IoT and edge computing will nearly double that to 4.3 ZB per year
What we see if that during the early 2000’s telcom capacity grew as broadband became prevalent and affordable and technologies like cellular became mainstream. In a sense telcom finally could up to the IT revolution.
Now telcom capacity is levelling off and the growth rates are no longer 50% YoY. We anticipate telcom capacity to grow at roughly 20% YoY. Even with the advent of mmWave spectrum, the growth will be capped.
Data generation however continues to grow and find new uses cases of data generation. We anticipate between a 30% and 50% YoY growth in data generation.
This leads to the gap…
Sensor prices have fallen at a steeper slope than Moore’s law. When we approach .20 sensor devices consumer can support a “throwaway model”. This will happen with polymeric fasbrication as well as printable electronics.
New use cases are generating the plethora of “mew” data.
In particular, we have seen concentrated growth in:
Filtering – removing of redundant or temporal data. To alleviate network pressure, bandwidth and service costs, edge devices are used to remove significant data. Most cases remove 98% of edge data.
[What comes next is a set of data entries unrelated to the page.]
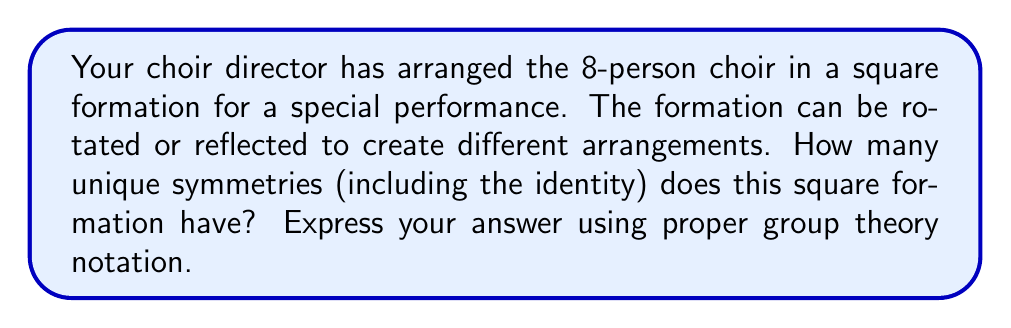Teach me how to tackle this problem. Let's approach this step-by-step:

1) First, we need to recognize that the symmetries of a square form the dihedral group $D_4$.

2) The symmetries of $D_4$ include:
   - The identity transformation (doing nothing)
   - Rotations: 90°, 180°, and 270° (3 rotations)
   - Reflections: 4 lines of symmetry (2 diagonals and 2 bisecting the sides)

3) To count these symmetries:
   - 1 identity transformation
   - 3 rotations
   - 4 reflections

4) In total, we have 1 + 3 + 4 = 8 symmetries

5) In group theory notation, we express this as:

   $$|D_4| = 8$$

   Where $|D_4|$ denotes the order (number of elements) of the dihedral group of order 4.

6) Alternatively, we can express this using the general formula for dihedral groups:

   $$|D_n| = 2n$$

   Where $n$ is the number of sides of the regular polygon (in this case, a square, so $n=4$).

   $$|D_4| = 2(4) = 8$$

Thus, the square formation of your 8-person choir has 8 unique symmetries.
Answer: $|D_4| = 8$ 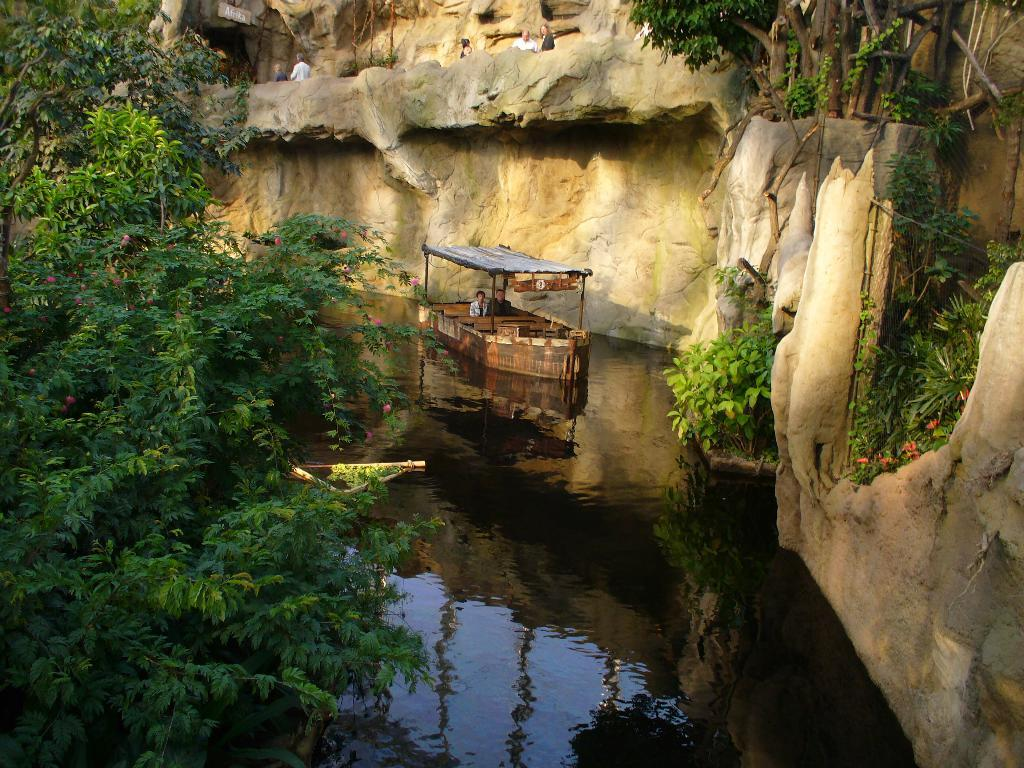What is the person in the image doing? The person is in a boat. How is the boat positioned in relation to the water? The boat is above the water. What can be seen in the background of the image? Trees, people, and a wall are visible in the background of the image. What type of blood is visible on the person's hands in the image? There is no blood visible on the person's hands in the image. What kind of game are the people in the background playing in the image? There is no indication of a game being played in the image; the people in the background are simply visible. 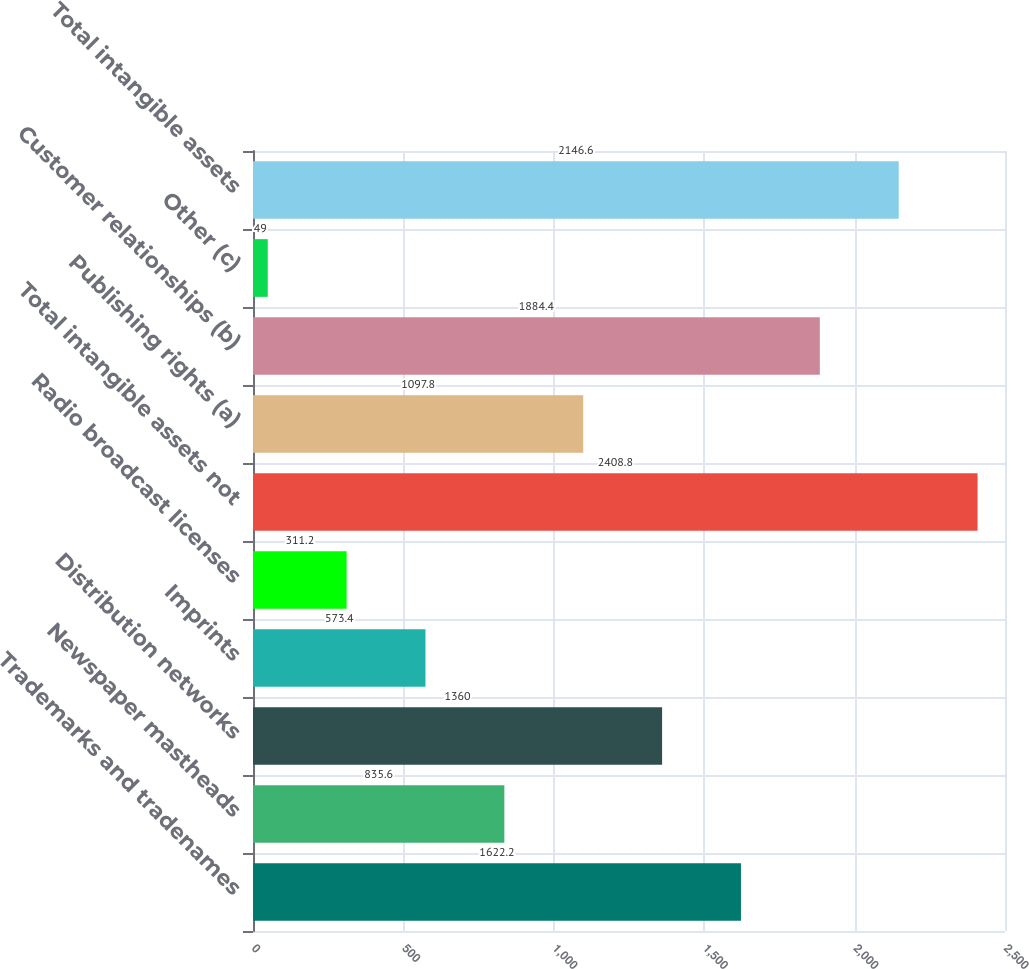Convert chart. <chart><loc_0><loc_0><loc_500><loc_500><bar_chart><fcel>Trademarks and tradenames<fcel>Newspaper mastheads<fcel>Distribution networks<fcel>Imprints<fcel>Radio broadcast licenses<fcel>Total intangible assets not<fcel>Publishing rights (a)<fcel>Customer relationships (b)<fcel>Other (c)<fcel>Total intangible assets<nl><fcel>1622.2<fcel>835.6<fcel>1360<fcel>573.4<fcel>311.2<fcel>2408.8<fcel>1097.8<fcel>1884.4<fcel>49<fcel>2146.6<nl></chart> 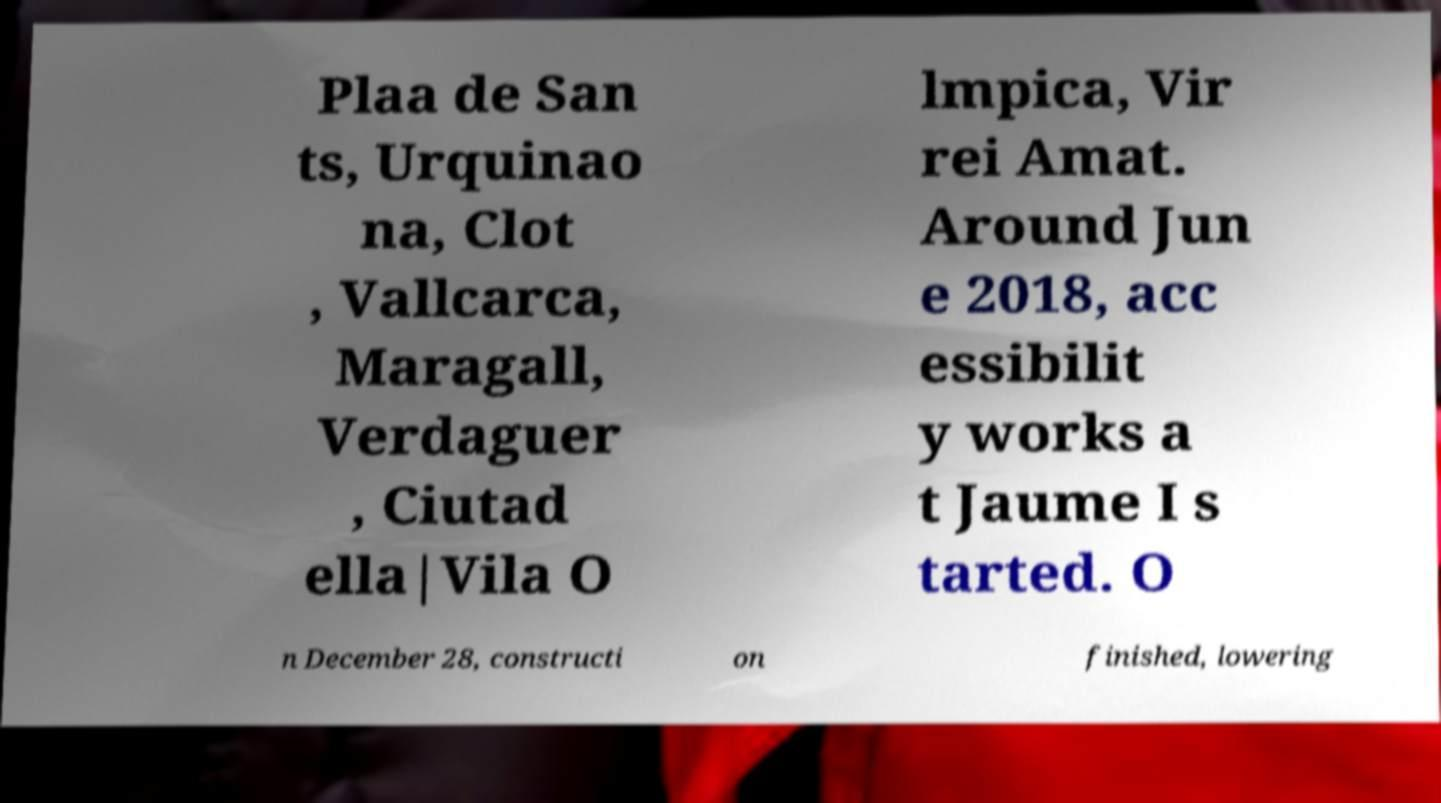For documentation purposes, I need the text within this image transcribed. Could you provide that? Plaa de San ts, Urquinao na, Clot , Vallcarca, Maragall, Verdaguer , Ciutad ella|Vila O lmpica, Vir rei Amat. Around Jun e 2018, acc essibilit y works a t Jaume I s tarted. O n December 28, constructi on finished, lowering 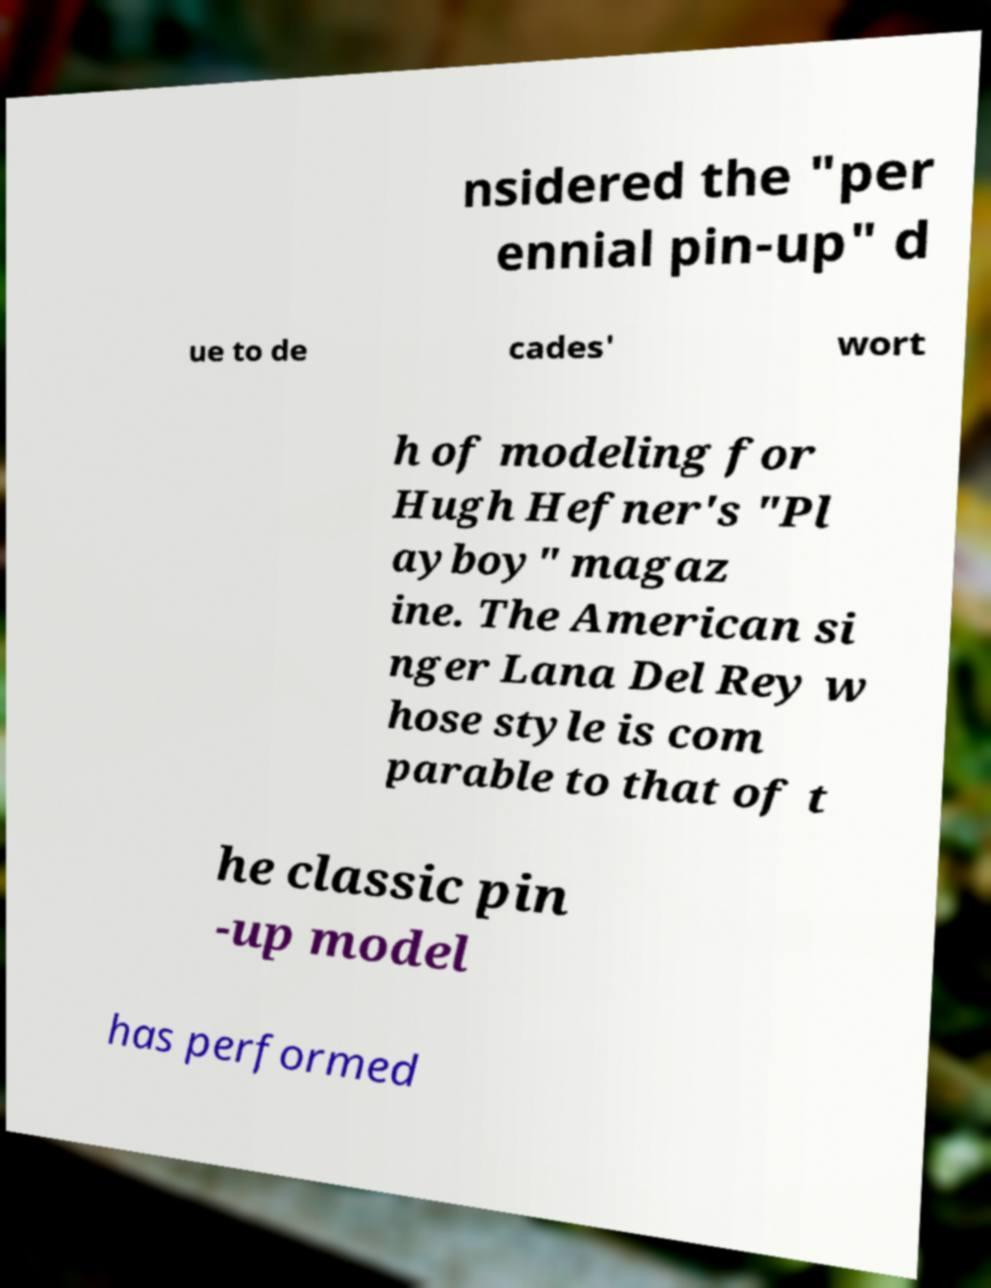Can you accurately transcribe the text from the provided image for me? nsidered the "per ennial pin-up" d ue to de cades' wort h of modeling for Hugh Hefner's "Pl ayboy" magaz ine. The American si nger Lana Del Rey w hose style is com parable to that of t he classic pin -up model has performed 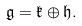Convert formula to latex. <formula><loc_0><loc_0><loc_500><loc_500>\mathfrak { g } = \mathfrak { k } \oplus \mathfrak { h } .</formula>

Control systems aren’t new. In fact they were the first connected things dating back to 1935 when the early US power grid managed power stations using “pilot wires”. Connecting Industry and Industry 4.0 has produced significant value by connecting brownfield devices.
Situational awareness edge devices combine AI and geolocation to provide systems that can respond to events depending on time, space, distance, or cause.
Data aggregation and caching provide the answer to latency issues at the edge. Content is cached and managed locally to avoid long hops.
Whereas intenet bandwith for the last 20 years has been dominated by downstream data. IoT and edge devices will be content producers. It will demand greater upstream bandwidth and better latency.
Cat0, Cat1 and Cat NB will help close some of the disparity between uplink and downlink speed but they are focused on low bandwidth use cases. Unstructured edge data still has significant hurdles.
The bulk of modern Internet data is unstructured: Netflix, Facetime, Youtube, Skype
A sizable amount remains structured or partially structured: Facebook and HTTP.
This data will continue to grow, but at a steady rate, but the 1.7ZB of data will be edge created.
Not all of it will (or can) move through our networks.
YoY there continues to be a disparity between the amount of content being generated and the ability, financials, or need to move that data. More data is produced than absorbed.
The average growth rate over the last 15 years has been 20% year over year.
We predict this will continue to grow as Moore’s law still has a play space at the edge and in sensors, but service costs and data transmission will not follow the same curve.